README for "The Spread of COVID-19 and the BCG Vaccine" by Richard Bluhm and Maxim Pinkovskiy, 2021, Econometrics Journal
This replication is written for Stata version 15.2 and R version 4.0.3.
It uses the user-written Stata commands "rdrobust", available via "net install rdrobust, from(https://raw.githubusercontent.com/rdpackages/rdrobust/master/stata) replace", and boottest, available via "ssc install boottest".
Bootstrapping of the RD confidence intervals and the visualizations of spatial data were done in R using the user written packages
- "sf", version 0.9.6, - "haven", version 2.3.1, - "tidyverse", version 1.3.0, - "lubridate", version 22.214.171.124, - "RcolorBrewer", version 1.1-2, - "rdrobust", version 0.99.9, - "parallel", version 4.0.3, - "foreach", version 1.5.1, - "miscFuncs", version 1.3.
The bootstrap code is based based on boot-rd by Bartalotti et al. (2017, from https://github.com/grayclhn/boot-rd) but has been modified and extended.
There are three folders.
- /data/ contains the primitive files for the analysis, containing the raw data
- /intermediate/ contains files created during the analysis
- /output/ contains the tables and the figures created during the analysis.
To replicate the entire analysis at once, please run 00_RUN_EVERYTHING.sh (a Unix/OSX shell script which includes the successive calls to R and Stata, on Windows, just run each line of the file calling these programs in the command prompt or install Linux shell support)
- The Stata files export_data2R.do and export_supplement_data2R.do have to be run prior to running the R-scripts generating the tables for the main text or supplement.
- Each table is replicated by a Stata do-file or R-script beginning with the table number, e.g. Table_2_Placebo_Microcensus.do replicates Table 2 in the main text and Supplement_Table_S4_OtherRDs.R replicates Table S.4. in the Online Appendix.
- The same goes for the figures in the main text and supplement.
- Each of these files is stand-alone and can be run independently of the others once all the necessary data files have been created.
- Each file creates the corresponding output (.tex, .pdf, and/or .png) in the ./output/ folder.
Several do-files exist as utilities or to produce intermediate inputs but do not need to be run independently, instead they are called with the appropriate parameters by the other files:
- death_rate_adjustment.do – performs age-adjustment for death rates.
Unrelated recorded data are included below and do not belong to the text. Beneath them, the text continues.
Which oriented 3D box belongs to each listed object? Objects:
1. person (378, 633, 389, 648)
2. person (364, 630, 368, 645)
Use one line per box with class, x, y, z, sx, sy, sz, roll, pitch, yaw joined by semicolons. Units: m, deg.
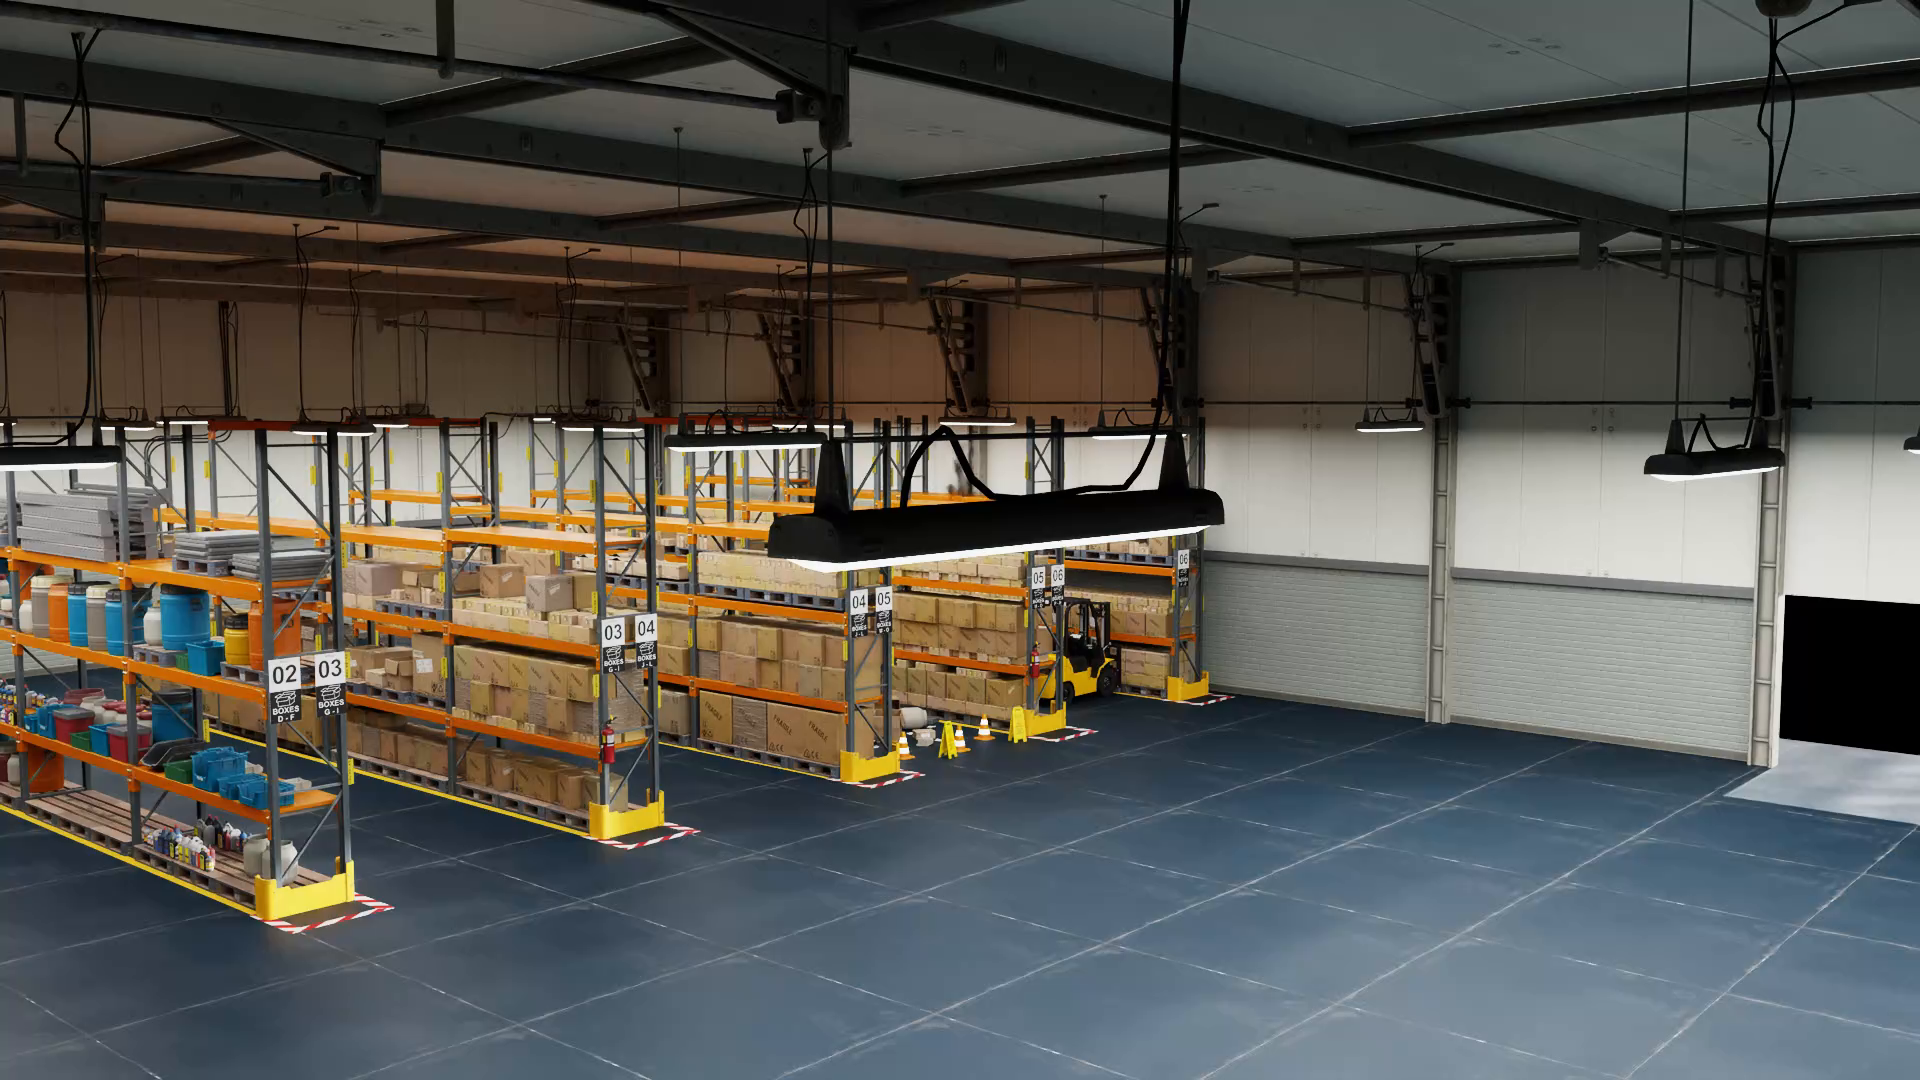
person;-13.699;2.179;39.906;0.783;1.632;0.506;0;5;-5
person;-14.347;2.142;40.391;0.554;1.704;0.875;1;5;15
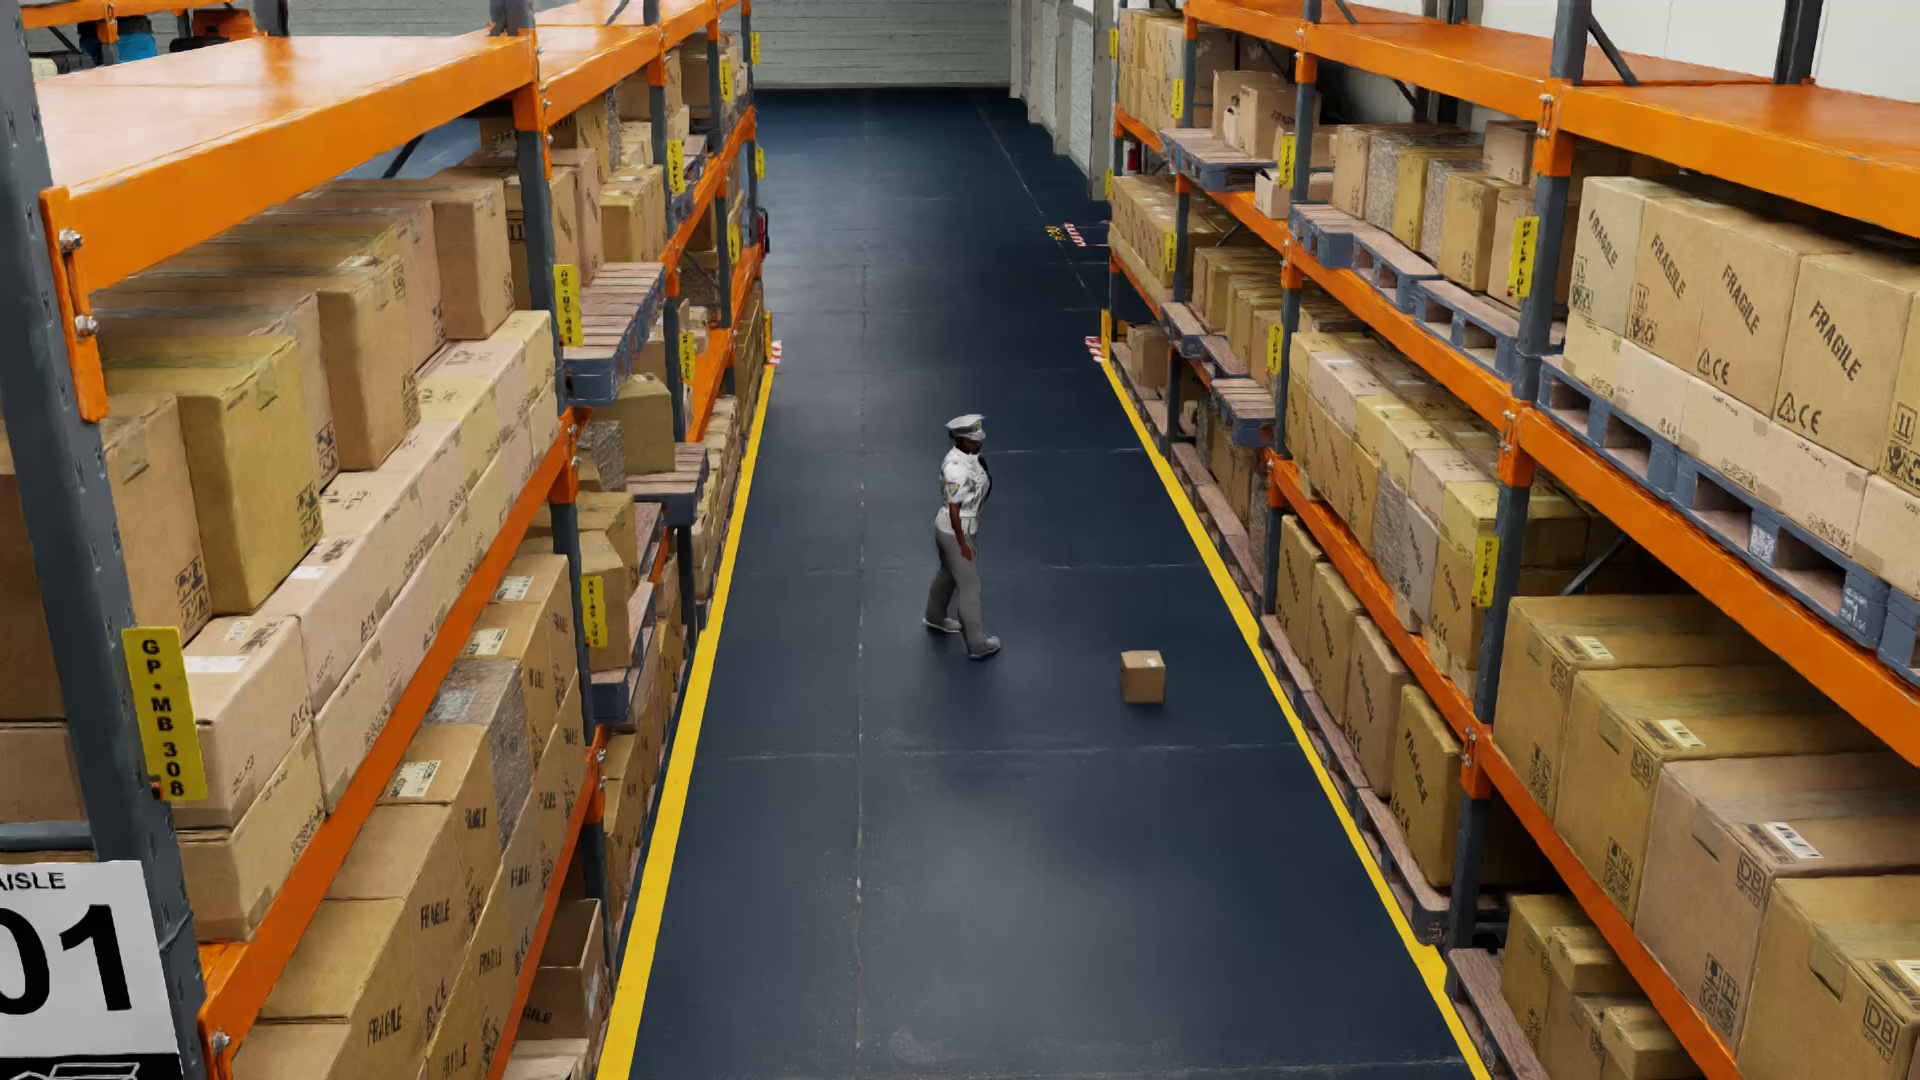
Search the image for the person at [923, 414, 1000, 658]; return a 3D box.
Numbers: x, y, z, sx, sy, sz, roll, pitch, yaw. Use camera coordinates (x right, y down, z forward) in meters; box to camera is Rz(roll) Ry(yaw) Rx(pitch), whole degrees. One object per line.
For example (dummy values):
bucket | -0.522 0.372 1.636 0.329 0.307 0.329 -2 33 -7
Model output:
person | 0.007 -0.053 11.250 0.569 1.657 0.572 3 21 7

- hosp_rate_adjustment.do – performs age-adjustment for hospitalization rates.
- simulation_donut.do – computes the dataset of simulated cases.
- facebook.do – computes the social connectedness measure used in the main text.
The .dta files (for every .dta file there is a corresponding .csv ASCII file providing the data without need of purchasing Stata) contain the variables used in the analysis. Below is a description of what each .dta file in the /data/ folder contains (intermediate .dta files produced by the analysis are not described).
- all_cause_mortality_by_age_withpop_2016.dta – county-age level data on all cause mortality rates as of 2016.
- cases_pop_cat_Y_singleages_weekX.dta – county by single age bin level data on COVID-19 cases for week X of 2020 (week 17 corresponds to April 26 and week 50 to December 13) for case category Y (Y can be "all" for all cases and "c" for symptomatic cases).
- commuters.dta. commuter_panel_filled_dec2019.dta, commuters.dta and commute_stub.dta – data on county-to-county commuting flows in different formats.
- ddr_border.gpkg – geospatial line features containing the GDR (DDR) border
- export_kreise_nonoverlapping.dta – Microcensus 2017 results for country-by-age group, incl. full labels to the underlying microcensus variables.
- facebook.dta – county-to-county connections from the social connectedness index (SCI) made available by the Facebook Data for Good Program
- fulldata_kreise.dta – county-level characteristics, including cumulative case and death counts as of April 26th, population, covariates such as distance to the border, dates of first case, etc.
- hospitalizations_by_type_and_age_withpop_2016.dta – county-age level data on hospitalizations from all causes, infectious diseases, and respiratory diseases as of 2016.
- infectious_disease_mortality_by_age_withpop_2016.dta – county-age level data on mortality rates from infectious diseases as of 2016.
- initial_cases.dta – county distribution of COVID-19 cases on 29 February 2020.
- kreise_counts_panel_daily.dta – data on new case counts by county and day from Jan 1 2020 until Dec 13 2020.
- kreise_distances_panel.dta – bilateral county-to-county distances.
- nuts_id_stub.dta – helper file with NUTS-3 IDs and numeric IDs.
- respiratory_disease_mortality_by_age_withpop_2016.dta – county-age level data on mortality rates from respiratory diseases as of 2016.
- RKI_Corona_Landkreise.gpkg – geospatial polygon features containing the shape of each German county in 2020.